Some interesting comments by Tula Connell at Firedoglake. This is not one I'd thought about much, except to scratch my head and mutter "WTF?" when I run across the poor "conservatives" who are being force-fed ideas on campus. I think Connell hits it right on the head here:
What these measures do is sanction interference on the part of legislatures or boards of trustees to ensure that college curriculums and faculties are “balanced.” Most measures mandate that “all sides” of an issue should be taught—no matter how discredited they are within (or irrelevant to) a discipline. While the competing debates within an academic discipline should be (and most certainly are) discussed in a college classroom, should legislators and trustees be in the game of ensuring that ideas based on biblical inerrancy are given equal consideration in a class on biology? Of course not. And the very fact that ACTA and Horowitz want governing bodies involved in curricular and hiring decisions flies in the face of the very principles that academic freedom was designed to uphold—that scholars should be able to pursue their work free from the politicized demands of those from outside who are not professionally engaged in the fields they are attempting to regulate.
This only reinforces what I've been saying all along: these are not people who believe in America, in our ideals or in our system. They're the same ones who are complaining because the Massachusetts legislature declined to put an anti-marriage amendment on the ballot -- in perfect obedience to the process adopted by the people of Massachusetts to consider such things.
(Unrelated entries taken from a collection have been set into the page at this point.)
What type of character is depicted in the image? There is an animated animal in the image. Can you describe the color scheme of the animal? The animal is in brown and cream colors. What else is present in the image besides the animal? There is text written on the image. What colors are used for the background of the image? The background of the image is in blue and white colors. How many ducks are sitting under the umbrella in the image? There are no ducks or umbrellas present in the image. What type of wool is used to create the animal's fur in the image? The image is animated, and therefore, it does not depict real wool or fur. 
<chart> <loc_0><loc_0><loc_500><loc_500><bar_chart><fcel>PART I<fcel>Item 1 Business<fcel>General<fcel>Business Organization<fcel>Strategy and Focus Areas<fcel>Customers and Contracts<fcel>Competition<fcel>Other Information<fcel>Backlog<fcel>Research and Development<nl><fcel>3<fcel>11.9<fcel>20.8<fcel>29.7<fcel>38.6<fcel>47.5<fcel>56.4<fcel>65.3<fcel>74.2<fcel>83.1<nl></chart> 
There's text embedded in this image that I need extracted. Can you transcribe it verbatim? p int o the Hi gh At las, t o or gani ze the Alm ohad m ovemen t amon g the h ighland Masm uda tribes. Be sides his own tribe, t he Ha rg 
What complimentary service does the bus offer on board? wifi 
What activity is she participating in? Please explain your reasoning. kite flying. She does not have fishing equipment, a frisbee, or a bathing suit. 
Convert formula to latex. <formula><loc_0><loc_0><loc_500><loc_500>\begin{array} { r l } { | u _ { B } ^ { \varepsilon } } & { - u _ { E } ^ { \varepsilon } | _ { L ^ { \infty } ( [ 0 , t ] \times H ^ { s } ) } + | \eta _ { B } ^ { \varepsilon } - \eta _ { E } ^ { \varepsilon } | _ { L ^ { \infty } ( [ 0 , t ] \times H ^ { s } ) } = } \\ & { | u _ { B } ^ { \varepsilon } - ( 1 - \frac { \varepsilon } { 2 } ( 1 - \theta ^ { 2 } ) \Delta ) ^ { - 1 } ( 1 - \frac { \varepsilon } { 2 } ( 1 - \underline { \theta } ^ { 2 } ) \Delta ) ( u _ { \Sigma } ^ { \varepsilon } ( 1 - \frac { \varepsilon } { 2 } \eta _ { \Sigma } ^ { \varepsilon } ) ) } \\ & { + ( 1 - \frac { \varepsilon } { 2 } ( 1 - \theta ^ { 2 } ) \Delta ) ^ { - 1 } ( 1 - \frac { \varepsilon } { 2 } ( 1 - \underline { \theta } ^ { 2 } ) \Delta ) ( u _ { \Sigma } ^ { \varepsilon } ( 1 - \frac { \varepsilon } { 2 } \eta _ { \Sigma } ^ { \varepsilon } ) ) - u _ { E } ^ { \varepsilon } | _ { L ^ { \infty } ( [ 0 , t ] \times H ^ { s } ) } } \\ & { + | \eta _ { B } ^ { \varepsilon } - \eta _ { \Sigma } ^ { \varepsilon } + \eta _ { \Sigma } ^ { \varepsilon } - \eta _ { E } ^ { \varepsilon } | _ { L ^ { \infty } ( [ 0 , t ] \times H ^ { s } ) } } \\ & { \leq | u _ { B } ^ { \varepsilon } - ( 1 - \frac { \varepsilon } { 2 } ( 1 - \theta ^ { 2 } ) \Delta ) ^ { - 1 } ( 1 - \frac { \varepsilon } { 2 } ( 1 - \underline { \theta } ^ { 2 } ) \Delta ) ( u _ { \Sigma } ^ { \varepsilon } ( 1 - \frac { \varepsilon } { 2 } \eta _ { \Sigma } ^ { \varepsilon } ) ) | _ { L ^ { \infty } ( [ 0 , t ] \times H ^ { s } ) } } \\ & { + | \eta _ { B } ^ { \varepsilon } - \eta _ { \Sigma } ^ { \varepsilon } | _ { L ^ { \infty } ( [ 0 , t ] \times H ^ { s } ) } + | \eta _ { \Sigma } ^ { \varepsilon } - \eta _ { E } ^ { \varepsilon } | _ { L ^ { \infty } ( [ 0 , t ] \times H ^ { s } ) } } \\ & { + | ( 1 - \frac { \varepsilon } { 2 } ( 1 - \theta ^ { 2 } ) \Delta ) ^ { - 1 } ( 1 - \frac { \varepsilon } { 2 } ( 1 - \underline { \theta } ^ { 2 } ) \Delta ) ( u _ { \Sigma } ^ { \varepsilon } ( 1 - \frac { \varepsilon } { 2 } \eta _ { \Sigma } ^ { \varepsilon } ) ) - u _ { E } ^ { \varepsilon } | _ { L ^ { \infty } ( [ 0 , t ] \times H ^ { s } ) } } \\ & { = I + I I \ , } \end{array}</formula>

These are the people who lobby legislators and school boards to enforce the teaching of Bible studies in biology classrooms. These are the people who think fawning idiots like Peter Pace are only exercising their "freedom of speech" when they utter their hateful comments in official contexts. These are people who don't like freedom.
I labeled this "right-wing hysteria." Thinking about it, the hysteria is a tactic, obviously, as in the Beauchamp matter (and so many others -- sort of like pre-election "terror alerts"). It's self-generated and entirely for effect. I'm reminded of a comment in C. J. Cherryh's Legions of Hell, in which Marcus Antonius is trying to get Tiberius to do something and gets hysterical, because if you get hysterical, the old wacko thinks he was enthusiastic about it a minute ago. Sort of like the right-wing shills and their base.
Why did it take me so long to figure that out?